D'iorio v. Adonizio

Decision Date30 December 1982
Docket NumberCiv. A. No. 82-0735.
Citation554 F. Supp. 222
PartiesDeominia D'IORIO, Plaintiff, v. Angelo J. ADONIZIO, et al., Defendants.
CourtU.S. District Court — Middle District of Pennsylvania

Robert P. Casey, Dilworth, Paxon, Kalish & Kauffman, Scranton, Pa., for plaintiff.

Patrick J. O'Connor, Cozen, Begier & O'Connor, Philadelphia, Pa., for defendants.

MEMORANDUM

CALDWELL, District Judge.

I. Factual and Procedural Background

On June 10, 1982, the plaintiff, Deominia D'Iorio, filed a complaint in six counts by which she seeks to recover damages suffered as a result of allegedly fraudulent transactions involving the various defendants. In count one of the complaint, the plaintiff invokes the jurisdiction of this court pursuant to the provisions of the Racketeer Influenced and Corrupt Organizations Act (RICO, 18 U.S.C. §§ 1961, et seq.), 18 U.S.C. § 1964(a) and (c), as well as 28 U.S.C. § 1331. Treble damages are sought. Counts two through six are pendent state claims which allege causes of action for wrongful appropriation of business opportunities, breach of fiduciary duties, civil conspiracy, fraudulent concealment, and breach of contract.

Various individuals and business entities are named in the complaint. They can be described briefly as follows: The defendant, Adonizio Brothers, is a Pennsylvania corporation engaged in the operation of a quarry.

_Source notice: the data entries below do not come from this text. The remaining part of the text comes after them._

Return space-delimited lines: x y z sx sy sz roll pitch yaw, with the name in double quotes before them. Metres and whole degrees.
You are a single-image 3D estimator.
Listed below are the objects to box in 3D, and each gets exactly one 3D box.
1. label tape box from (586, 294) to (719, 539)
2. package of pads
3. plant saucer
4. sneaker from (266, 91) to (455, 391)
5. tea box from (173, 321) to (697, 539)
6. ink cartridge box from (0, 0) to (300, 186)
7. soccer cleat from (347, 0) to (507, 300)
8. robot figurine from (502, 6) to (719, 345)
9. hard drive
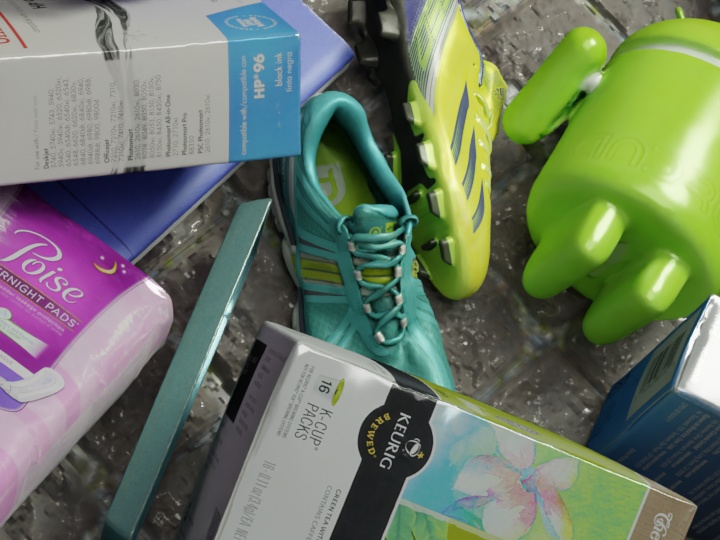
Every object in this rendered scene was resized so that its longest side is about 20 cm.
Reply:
"label tape box" 0.232 0.105 1.251 0.200 0.143 0.066 26 63 -5
"package of pads" -0.186 0.049 1.145 0.120 0.076 0.200 36 39 2
"plant saucer" -0.090 0.056 1.218 0.019 0.070 0.200 22 63 0
"sneaker" 0.000 0.000 1.264 0.077 0.080 0.200 -14 73 -22
"tea box" 0.026 0.122 1.132 0.197 0.200 0.134 21 89 -6
"ink cartridge box" -0.141 -0.095 1.207 0.200 0.116 0.068 -7 112 -19
"soccer cleat" 0.052 -0.081 1.325 0.084 0.065 0.200 -3 69 -25
"robot figurine" 0.166 -0.055 1.315 0.175 0.116 0.200 36 60 -7
"hard drive" -0.116 -0.099 1.302 0.132 0.025 0.200 43 63 5
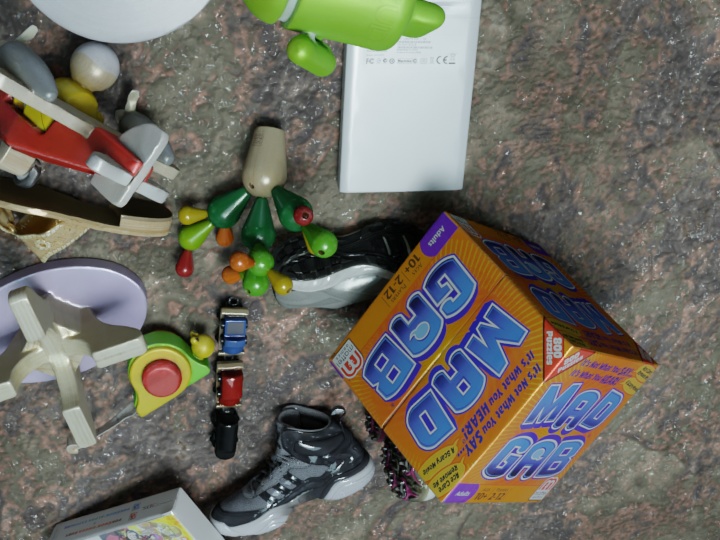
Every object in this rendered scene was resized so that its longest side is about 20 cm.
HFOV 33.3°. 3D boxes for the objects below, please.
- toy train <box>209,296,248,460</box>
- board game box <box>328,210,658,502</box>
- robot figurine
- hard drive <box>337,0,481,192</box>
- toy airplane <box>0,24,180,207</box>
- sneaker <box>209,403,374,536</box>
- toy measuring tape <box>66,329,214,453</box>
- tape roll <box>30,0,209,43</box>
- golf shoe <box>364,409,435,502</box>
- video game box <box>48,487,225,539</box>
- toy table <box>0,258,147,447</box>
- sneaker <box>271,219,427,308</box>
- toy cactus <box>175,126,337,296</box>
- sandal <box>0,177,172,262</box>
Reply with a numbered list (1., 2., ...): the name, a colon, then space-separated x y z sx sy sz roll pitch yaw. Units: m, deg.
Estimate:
1. toy train: -0.144 0.121 1.312 0.034 0.046 0.201 1 118 -12
2. board game box: 0.134 0.094 1.225 0.199 0.200 0.200 14 119 -52
3. robot figurine: -0.021 -0.264 1.067 0.198 0.116 0.177 10 90 -17
4. hard drive: 0.046 -0.176 1.203 0.131 0.027 0.201 -2 118 -11
5. toy airplane: -0.245 -0.136 1.075 0.198 0.200 0.142 20 83 -13
6. sneaker: -0.091 0.219 1.364 0.199 0.076 0.114 -22 114 1
7. toy measuring tape: -0.244 0.119 1.279 0.199 0.074 0.074 -32 119 6
8. tape roll: -0.213 -0.306 1.058 0.199 0.066 0.202 -5 118 -9
9. golf shoe: 0.065 0.181 1.298 0.091 0.200 0.073 6 111 -12
10. video game box: -0.231 0.347 1.387 0.181 0.047 0.201 -18 123 24
11. toy table: -0.310 0.077 1.215 0.199 0.117 0.184 -28 120 3
12. sneaker: 0.000 0.000 1.271 0.198 0.074 0.080 -4 143 -13
13. toy cactus: -0.108 -0.059 1.183 0.102 0.199 0.166 12 82 -43
14. sandal: -0.293 -0.038 1.179 0.210 0.078 0.070 8 110 -21

The plaintiff, her sister Yolanda Saporito, and the individual defendants Angelo Adonizio, Charles Adonizio, James Adonizio, Patrick Adonizio, Jr., Peter V. Adonizio and Samuel P. Adonizio constituted all the shareholders of Adonizio Brothers, Inc.1 Defendant Addy Asphalt Company is a Pennsylvania corporation engaged in general construction work. The plaintiff and the individual defendants are the sole shareholders of the Addy Asphalt Company. The defendant Addy Construction Company is a general partnership consisting of the plaintiff and the individual defendants. The business of the Addy Construction Co. is to lease equipment to Adonizio Brothers, Inc. and the Addy Asphalt Company. The defendant Wilkes Equipment Company is a partnership consisting of the individual defendants. The business of Wilkes Equipment Company is, allegedly, to lease equipment to Adonizio Brothers, Inc. and the Addy Asphalt Company.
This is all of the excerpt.